[EXERCISE MATERIAL Boundary: Start]

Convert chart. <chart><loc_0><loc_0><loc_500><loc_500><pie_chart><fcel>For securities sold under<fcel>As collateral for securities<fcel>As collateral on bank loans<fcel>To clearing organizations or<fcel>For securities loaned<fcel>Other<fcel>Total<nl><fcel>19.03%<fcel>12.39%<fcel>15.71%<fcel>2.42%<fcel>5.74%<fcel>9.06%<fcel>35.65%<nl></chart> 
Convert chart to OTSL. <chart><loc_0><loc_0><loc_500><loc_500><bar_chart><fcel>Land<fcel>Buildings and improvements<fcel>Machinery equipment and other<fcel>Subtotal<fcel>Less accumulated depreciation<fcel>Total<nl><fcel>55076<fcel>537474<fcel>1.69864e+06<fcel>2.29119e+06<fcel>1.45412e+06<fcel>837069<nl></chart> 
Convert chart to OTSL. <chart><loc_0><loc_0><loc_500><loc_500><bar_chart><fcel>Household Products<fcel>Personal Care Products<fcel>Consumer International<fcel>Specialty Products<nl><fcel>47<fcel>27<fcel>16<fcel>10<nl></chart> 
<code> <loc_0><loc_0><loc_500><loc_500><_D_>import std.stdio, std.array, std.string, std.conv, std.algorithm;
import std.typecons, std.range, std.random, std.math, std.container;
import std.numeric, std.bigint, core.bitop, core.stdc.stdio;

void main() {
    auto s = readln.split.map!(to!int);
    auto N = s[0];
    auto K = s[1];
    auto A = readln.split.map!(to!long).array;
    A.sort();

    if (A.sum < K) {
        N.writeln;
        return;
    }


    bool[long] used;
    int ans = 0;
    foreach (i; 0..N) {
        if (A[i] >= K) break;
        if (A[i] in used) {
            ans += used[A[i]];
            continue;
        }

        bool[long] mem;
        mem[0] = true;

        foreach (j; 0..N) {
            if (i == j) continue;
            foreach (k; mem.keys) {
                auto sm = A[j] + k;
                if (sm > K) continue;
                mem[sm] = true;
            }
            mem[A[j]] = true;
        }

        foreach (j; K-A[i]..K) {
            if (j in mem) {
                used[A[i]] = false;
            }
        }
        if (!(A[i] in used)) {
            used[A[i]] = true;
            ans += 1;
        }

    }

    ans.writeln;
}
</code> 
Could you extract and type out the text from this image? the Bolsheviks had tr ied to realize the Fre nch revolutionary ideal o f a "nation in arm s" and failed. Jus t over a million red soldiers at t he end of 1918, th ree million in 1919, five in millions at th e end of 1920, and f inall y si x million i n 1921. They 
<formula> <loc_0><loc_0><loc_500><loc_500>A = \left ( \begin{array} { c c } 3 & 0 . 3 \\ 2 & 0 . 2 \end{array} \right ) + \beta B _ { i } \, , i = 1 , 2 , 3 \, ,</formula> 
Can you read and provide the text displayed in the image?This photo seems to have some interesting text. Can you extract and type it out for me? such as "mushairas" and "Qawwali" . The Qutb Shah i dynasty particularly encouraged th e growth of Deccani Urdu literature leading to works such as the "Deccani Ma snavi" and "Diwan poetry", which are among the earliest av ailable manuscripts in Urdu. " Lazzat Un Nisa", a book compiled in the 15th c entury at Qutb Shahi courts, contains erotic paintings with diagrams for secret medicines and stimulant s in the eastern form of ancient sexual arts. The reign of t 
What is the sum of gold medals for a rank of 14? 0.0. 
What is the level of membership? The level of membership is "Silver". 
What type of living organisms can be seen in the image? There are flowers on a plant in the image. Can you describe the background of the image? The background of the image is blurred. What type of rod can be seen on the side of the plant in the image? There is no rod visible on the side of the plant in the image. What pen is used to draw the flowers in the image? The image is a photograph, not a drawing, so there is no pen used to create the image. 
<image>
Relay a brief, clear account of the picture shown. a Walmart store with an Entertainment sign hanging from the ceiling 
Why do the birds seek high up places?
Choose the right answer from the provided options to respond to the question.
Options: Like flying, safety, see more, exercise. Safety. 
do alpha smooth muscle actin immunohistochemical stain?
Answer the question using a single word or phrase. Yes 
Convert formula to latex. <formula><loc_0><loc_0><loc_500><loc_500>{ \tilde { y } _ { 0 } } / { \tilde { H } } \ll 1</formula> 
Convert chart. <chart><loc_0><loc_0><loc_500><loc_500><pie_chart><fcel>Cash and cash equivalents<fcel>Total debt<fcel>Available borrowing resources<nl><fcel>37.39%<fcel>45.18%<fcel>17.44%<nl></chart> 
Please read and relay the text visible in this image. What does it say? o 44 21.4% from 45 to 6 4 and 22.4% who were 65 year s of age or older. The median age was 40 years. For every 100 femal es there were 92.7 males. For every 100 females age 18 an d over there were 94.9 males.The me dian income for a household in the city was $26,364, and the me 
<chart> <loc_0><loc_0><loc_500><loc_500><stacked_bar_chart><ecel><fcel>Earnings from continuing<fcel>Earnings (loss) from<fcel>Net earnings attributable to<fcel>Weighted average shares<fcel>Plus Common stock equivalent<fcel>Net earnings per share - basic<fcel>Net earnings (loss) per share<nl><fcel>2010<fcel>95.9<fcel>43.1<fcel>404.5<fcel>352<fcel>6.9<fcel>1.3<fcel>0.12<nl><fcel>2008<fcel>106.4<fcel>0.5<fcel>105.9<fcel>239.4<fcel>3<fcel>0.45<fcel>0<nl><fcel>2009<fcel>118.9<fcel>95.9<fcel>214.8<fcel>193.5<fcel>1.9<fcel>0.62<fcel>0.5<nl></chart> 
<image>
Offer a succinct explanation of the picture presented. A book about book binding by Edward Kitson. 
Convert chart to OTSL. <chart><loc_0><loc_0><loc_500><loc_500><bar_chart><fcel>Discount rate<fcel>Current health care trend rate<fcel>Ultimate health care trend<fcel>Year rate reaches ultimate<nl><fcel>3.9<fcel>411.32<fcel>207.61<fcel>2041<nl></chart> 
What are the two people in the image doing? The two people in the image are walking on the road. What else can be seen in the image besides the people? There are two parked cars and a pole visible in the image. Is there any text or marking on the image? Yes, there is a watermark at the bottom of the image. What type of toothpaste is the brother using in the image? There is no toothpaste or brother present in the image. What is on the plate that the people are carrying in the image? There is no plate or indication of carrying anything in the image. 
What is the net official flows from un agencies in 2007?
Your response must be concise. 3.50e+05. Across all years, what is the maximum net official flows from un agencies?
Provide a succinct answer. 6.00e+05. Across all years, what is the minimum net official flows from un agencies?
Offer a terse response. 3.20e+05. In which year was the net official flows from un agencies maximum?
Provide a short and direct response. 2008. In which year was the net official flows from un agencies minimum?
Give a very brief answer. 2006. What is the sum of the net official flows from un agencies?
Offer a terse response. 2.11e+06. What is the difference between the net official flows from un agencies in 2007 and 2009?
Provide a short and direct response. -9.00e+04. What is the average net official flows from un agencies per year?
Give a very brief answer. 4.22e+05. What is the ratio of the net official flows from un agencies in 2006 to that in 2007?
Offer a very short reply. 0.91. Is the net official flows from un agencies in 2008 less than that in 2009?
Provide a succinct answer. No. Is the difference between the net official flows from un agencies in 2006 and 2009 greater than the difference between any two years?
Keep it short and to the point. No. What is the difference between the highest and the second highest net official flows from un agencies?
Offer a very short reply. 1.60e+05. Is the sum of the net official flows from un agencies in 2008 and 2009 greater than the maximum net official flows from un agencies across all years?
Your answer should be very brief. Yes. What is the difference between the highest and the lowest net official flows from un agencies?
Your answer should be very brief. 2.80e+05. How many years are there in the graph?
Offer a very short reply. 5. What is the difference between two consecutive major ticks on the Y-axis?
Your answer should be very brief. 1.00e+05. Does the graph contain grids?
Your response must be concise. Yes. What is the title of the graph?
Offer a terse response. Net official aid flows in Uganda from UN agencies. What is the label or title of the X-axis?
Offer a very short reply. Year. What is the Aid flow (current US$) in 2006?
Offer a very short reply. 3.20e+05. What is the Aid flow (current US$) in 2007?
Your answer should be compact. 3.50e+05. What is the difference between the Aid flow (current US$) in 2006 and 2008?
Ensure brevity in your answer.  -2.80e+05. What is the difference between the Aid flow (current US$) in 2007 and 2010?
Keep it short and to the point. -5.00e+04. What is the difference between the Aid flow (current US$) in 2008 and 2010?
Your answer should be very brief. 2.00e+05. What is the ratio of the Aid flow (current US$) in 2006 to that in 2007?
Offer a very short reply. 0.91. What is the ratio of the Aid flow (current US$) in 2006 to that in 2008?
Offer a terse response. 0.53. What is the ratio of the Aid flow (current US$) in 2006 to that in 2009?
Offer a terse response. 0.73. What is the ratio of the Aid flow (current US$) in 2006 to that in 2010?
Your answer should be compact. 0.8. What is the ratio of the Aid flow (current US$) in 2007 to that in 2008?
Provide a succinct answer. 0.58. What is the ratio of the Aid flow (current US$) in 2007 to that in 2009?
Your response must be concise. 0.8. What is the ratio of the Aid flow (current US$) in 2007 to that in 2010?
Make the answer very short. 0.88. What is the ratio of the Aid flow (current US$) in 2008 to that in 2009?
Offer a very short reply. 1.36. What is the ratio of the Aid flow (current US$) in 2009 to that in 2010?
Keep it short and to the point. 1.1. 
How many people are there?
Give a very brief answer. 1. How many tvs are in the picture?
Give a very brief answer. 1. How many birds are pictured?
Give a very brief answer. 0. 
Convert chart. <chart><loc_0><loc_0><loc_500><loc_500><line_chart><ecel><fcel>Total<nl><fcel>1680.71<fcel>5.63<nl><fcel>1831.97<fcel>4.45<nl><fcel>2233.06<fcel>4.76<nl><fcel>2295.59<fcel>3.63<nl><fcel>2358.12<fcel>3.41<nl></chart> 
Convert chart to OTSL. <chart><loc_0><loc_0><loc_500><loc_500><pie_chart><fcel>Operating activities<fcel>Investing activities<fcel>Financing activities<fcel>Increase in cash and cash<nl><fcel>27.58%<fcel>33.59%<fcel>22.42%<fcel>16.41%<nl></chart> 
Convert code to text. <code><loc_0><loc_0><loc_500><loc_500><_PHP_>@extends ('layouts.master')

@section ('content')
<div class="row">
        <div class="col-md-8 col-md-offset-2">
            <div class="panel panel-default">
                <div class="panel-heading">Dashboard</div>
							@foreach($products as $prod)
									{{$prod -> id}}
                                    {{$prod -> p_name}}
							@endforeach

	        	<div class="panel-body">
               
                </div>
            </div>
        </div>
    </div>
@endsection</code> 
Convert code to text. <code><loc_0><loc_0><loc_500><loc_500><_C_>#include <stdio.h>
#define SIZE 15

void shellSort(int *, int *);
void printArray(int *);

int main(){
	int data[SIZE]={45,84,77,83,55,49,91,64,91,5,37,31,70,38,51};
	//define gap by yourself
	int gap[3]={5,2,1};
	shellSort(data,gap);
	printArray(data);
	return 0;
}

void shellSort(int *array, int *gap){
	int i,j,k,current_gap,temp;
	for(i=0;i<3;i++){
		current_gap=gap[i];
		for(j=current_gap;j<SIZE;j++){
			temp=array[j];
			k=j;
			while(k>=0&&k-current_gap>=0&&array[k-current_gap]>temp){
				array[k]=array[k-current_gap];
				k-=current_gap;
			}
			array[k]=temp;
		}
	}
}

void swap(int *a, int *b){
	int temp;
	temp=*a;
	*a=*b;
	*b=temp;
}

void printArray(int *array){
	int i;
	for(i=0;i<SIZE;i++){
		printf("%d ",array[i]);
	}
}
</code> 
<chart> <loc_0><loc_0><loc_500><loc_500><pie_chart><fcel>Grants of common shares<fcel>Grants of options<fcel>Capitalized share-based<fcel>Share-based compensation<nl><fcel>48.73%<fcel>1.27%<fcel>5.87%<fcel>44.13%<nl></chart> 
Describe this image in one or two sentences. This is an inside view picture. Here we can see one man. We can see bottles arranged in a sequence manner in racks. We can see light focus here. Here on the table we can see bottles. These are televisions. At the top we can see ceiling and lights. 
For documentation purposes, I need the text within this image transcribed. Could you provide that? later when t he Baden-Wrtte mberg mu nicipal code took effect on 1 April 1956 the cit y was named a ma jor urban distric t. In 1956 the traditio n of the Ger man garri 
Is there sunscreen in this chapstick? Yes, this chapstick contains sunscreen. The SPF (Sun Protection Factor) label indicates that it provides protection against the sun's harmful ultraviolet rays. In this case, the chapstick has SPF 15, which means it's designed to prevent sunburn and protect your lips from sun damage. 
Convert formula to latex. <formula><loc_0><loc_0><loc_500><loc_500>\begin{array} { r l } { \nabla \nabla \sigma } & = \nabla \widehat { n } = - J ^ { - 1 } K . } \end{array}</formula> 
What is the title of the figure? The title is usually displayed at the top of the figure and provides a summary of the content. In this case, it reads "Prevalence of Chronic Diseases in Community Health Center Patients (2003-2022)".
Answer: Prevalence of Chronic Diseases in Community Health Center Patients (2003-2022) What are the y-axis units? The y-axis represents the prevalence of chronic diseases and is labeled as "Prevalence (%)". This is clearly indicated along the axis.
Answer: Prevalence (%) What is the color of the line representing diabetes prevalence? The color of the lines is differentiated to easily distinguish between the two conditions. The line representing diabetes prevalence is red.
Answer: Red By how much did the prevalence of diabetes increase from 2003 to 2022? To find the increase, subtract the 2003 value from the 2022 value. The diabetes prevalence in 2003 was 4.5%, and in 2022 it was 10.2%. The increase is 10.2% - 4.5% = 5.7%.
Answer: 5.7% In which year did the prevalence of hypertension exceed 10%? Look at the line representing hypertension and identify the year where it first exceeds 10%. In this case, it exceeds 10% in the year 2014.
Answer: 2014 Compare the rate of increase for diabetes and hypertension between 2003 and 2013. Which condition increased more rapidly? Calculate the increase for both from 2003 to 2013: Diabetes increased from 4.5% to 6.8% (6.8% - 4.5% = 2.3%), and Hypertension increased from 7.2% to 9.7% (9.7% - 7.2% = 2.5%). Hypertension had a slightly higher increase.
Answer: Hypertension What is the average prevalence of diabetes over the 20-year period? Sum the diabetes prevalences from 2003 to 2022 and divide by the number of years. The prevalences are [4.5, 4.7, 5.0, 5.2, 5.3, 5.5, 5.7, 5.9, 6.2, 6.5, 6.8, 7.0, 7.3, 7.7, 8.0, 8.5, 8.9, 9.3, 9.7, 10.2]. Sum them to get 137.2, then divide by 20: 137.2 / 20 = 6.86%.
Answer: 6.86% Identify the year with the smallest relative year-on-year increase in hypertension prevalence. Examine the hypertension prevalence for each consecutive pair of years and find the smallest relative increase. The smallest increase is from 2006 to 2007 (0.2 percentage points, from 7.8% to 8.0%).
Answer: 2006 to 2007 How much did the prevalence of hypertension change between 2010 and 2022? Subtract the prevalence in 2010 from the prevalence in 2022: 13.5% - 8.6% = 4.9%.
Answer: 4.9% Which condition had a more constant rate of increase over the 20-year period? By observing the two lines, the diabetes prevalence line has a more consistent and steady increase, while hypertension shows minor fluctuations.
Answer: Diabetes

[EXERCISE MATERIAL Boundary: End]

TASK REQUIREMENTS: Output exactly the span of lines beginning at the first line of the records and ending at the line that holds "std.random, std.math, std.container;", inclusive, with no other text.

TASK ANSWER:
Convert chart. <chart><loc_0><loc_0><loc_500><loc_500><pie_chart><fcel>For securities sold under<fcel>As collateral for securities<fcel>As collateral on bank loans<fcel>To clearing organizations or<fcel>For securities loaned<fcel>Other<fcel>Total<nl><fcel>19.03%<fcel>12.39%<fcel>15.71%<fcel>2.42%<fcel>5.74%<fcel>9.06%<fcel>35.65%<nl></chart> 
Convert chart to OTSL. <chart><loc_0><loc_0><loc_500><loc_500><bar_chart><fcel>Land<fcel>Buildings and improvements<fcel>Machinery equipment and other<fcel>Subtotal<fcel>Less accumulated depreciation<fcel>Total<nl><fcel>55076<fcel>537474<fcel>1.69864e+06<fcel>2.29119e+06<fcel>1.45412e+06<fcel>837069<nl></chart> 
Convert chart to OTSL. <chart><loc_0><loc_0><loc_500><loc_500><bar_chart><fcel>Household Products<fcel>Personal Care Products<fcel>Consumer International<fcel>Specialty Products<nl><fcel>47<fcel>27<fcel>16<fcel>10<nl></chart> 
<code> <loc_0><loc_0><loc_500><loc_500><_D_>import std.stdio, std.array, std.string, std.conv, std.algorithm;
import std.typecons, std.range, std.random, std.math, std.container;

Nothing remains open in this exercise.